Senador sofre primeira derrota no PT estadual
Humberto Costa defendia dentro do PT a volta do partido à Frente Popular
O PT pernambucano está tão fragilizado após a saída de João Paulo dos quadros do partido que ficou sem poder de fogo até para negociar uma aliança com o PSB visando às próximas eleições, como era desejo do senador Humberto Costa. Aliás, o líder da Oposição no Senado acaba de sofrer internamente uma grande derrota. O partido aprovou uma resolução pela qual deve ter o seu próprio candidato ao Governo do Estado. O nome será conhecido até o próximo mês de maio. Era desejo do senador oferecer o apoio do seu partido ao governador Paulo Câmara em troca de sua candidatura à reeleição na chapa da Frente Popular. Só que, minoritário hoje no partido, que perdeu vários quadros para o PCdoB, entre eles o ex-prefeito do Recife, o senador terá que conviver agora com uma situação que não estava nos seus planos: apoiar um desses três pré-candidatos ao Palácio do Campo das Princesas: a vereadora Marília Arraes, o deputado Odacy Amorim ou o militante José de Oliveira. Se voltasse à Frente Popular, o PT caminharia sem sua base sindical representada pela CUT, Fetape (Federação dos Trabalhadores na Agricultura) e Sintepe (Sindicato dos Trabalhadores em Educação). Agora, a luta do senador será pela sua sobrevivência política. Como não tem mais bases para concorrer à reeleição, resta-lhe a opção de lutar por um mandato de deputado federal, já que o PT-PE não tem nenhum.
Que danado é isto?
O povão não sabe o que o é “tríplex”, nem “corrupção passiva” e nem “lavagem de dinheiro”, por isso começa a crer na versão petista de que Lula foi “injustiçado” ao ser condenado pela Justiça a 12 anos e 30 dias de prisão. Essa é a principal razão pela qual o ex-presidente continua com a popularidade em alta no Nordeste. Tem hoje na região 51% de intenções de voto.

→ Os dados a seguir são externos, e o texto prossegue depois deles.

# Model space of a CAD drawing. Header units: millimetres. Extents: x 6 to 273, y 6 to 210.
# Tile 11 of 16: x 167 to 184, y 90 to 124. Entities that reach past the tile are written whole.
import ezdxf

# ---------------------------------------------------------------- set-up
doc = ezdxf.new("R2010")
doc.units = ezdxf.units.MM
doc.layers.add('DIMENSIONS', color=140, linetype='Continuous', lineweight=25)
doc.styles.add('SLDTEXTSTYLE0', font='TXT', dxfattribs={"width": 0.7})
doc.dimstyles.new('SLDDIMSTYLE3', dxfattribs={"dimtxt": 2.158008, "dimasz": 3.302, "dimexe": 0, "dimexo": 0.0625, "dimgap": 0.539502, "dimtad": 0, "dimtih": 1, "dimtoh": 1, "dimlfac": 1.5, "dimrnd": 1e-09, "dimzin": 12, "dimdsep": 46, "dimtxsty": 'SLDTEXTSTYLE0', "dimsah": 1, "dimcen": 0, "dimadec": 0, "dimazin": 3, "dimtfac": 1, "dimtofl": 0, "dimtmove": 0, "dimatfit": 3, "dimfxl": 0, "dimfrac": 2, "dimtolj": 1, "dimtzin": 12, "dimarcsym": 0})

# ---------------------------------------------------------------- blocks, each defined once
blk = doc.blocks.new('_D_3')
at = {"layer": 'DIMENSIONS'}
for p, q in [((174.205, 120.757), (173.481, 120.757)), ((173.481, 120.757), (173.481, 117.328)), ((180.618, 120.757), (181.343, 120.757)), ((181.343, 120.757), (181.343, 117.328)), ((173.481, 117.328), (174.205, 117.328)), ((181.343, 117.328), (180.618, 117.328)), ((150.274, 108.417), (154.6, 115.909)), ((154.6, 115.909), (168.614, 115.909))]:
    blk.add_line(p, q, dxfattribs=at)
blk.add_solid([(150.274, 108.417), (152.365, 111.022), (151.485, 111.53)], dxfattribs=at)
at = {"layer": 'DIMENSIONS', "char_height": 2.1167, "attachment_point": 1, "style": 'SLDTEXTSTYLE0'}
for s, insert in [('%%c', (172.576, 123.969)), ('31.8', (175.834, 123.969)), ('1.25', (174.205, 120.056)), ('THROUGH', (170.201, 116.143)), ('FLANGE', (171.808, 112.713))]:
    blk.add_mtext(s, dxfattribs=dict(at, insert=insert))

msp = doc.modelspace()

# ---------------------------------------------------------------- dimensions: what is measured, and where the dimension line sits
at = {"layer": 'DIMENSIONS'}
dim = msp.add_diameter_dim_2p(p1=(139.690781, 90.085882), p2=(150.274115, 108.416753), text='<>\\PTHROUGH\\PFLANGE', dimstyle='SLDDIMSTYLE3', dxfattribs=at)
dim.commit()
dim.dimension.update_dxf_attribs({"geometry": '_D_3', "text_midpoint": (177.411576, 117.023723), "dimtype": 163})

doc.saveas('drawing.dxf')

Bodas de prata > A Inspetoria do TCE em Garanhuns completa hoje 25 anos e haverá comemoração com a presença do presidente Marcos Loreto. O edifício foi batizado com o nome de José da Costa Porto, ilustre pernambucano de Canhotinho que foi constituinte em 46, ministro da Agricultura de Café Filho e presidente do BNB.
Todos por um > Raul Henry (MDB) acredita que o palanque de Paulo Câmara (PSB) terá cerca de 20 partidos, cada um deles como seu “projeto nacional”. PDT com Ciro Gomes, PCdo B com Manuela D’Ávilla, PSD com Geraldo Alckmin, PSB com Joaquim Barbosa, e assim por diante.
Coisa estranha > Só no Brasil acontece isto. Joaquim Barbosa (ex-STF) foi atraído para o PSB para ser candidato a presidente da República, mas não conhece sequer todos os membros da direção do partido. Vai haver reunião específica
para que ele seja “apresentado”.
É triste > Como disse FHC, ninguém deveria se alegrar com a prisão de Lula, o maior líder popular do Brasil nos últimos 50 anos. Diga-se o mesmo sobre Aécio Neves (PSDB), que virou réu no STF após ter recebido 50 milhões de votos para presidente da República em 2014.
Em silêncio > Os deputados Antonio Moraes, Ricardo Costa e Roberta Arraes migraram para o PP, por acharem que nesse partido será mais fácil lutar pela reeleição. Eles tinham a cara do PSDB, MDB e PSB, respectivamente. Coisas da nossa política!